Ministry of Tolerance and Coexistence

Agency overview
- Formed: February 16, 2016; 10 years ago
- Headquarters: Abu Dhabi, United Arab Emirates
- Agency executives: Nahyan bin Mubarak al-Nahyan, Minister for Tolerance; H.E. Afraa Al Sabri, Director-General;
- Website: tolerance.gov.ae

= Ministry of Tolerance and Coexistence =

Government ministry of the United Arab Emirates

The Ministry of Tolerance and Coexistence (Note: (وِزَارَةُ التَّسَامُحِ وَالتَّعَايُشِ)) is a government ministry in the United Arab Emirates that is in charge of regulating and maintaining religious tolerance and coexistence between indigenous and overseas communities in the country.

==History==
The ministry was created in February 2016 and was known until 2022 as the Ministry of Tolerance.

The ministry was established in accordance with the National Tolerance Programme, a UAE government initiative of highlighting religious diversity and coexistence among communities in the country. The ministry was the brainchild of UAE Prime Minister Mohammed bin Rashid al-Maktoum. Sheikha Lubna Khalid al-Qasimi served as its inaugural minister until she was succeeded by Nahyan bin Mubarak al-Nahyan in October 2017.

The Ministry promotes a yearly National Festival of Tolerance and Coexistence, featuring cultural performances by different communities. The 2025 edition had China as a guest of honor.
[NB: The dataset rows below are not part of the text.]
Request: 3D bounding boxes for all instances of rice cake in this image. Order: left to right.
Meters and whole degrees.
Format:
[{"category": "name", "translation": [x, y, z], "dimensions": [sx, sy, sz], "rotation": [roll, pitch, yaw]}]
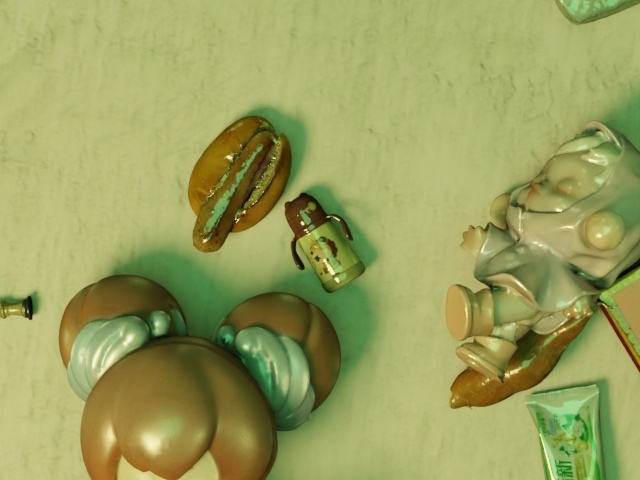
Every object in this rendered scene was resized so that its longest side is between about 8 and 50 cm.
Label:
[{"category": "rice cake", "translation": [0.321, -0.268, 1.807], "dimensions": [0.206, 0.069, 0.063], "rotation": [-22, 91, 1]}]

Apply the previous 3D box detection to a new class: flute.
[{"category": "flute", "translation": [-0.406, 0.073, 1.882], "dimensions": [0.233, 0.027, 0.027], "rotation": [-2, 94, 3]}]

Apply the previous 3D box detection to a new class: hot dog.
[{"category": "hot dog", "translation": [-0.086, -0.056, 1.842], "dimensions": [0.090, 0.060, 0.140], "rotation": [41, 98, 4]}]

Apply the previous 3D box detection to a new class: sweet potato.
[{"category": "sweet potato", "translation": [0.205, 0.114, 1.830], "dimensions": [0.195, 0.056, 0.056], "rotation": [-36, 92, 18]}]

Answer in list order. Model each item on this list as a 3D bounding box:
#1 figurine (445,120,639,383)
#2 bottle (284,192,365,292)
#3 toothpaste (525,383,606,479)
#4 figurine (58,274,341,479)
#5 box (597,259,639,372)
[{"category": "figurine", "translation": [0.225, 0.008, 1.775], "dimensions": [0.276, 0.200, 0.133], "rotation": [-47, 113, -13]}, {"category": "bottle", "translation": [-0.002, 0.001, 1.849], "dimensions": [0.063, 0.047, 0.101], "rotation": [-32, 91, -5]}, {"category": "toothpaste", "translation": [0.263, 0.294, 1.862], "dimensions": [0.074, 0.048, 0.297], "rotation": [-9, 90, 9]}, {"category": "figurine", "translation": [-0.131, 0.245, 1.796], "dimensions": [0.276, 0.248, 0.388], "rotation": [6, 104, -1]}, {"category": "box", "translation": [0.405, 0.050, 1.825], "dimensions": [0.239, 0.074, 0.153], "rotation": [-31, 88, 5]}]

The UAE sees tolerance as a source of "economic capital and attracting skilled migrants, entrepreneurs, and global investment. The tolerance agenda reinforces the country’s image as a safe and aspirational hub". UAE's initiatives are also disseminated by other entities, such as the Hedayah think tank, and the Al Sawab center, focused on countering extremist ideologies worldwide.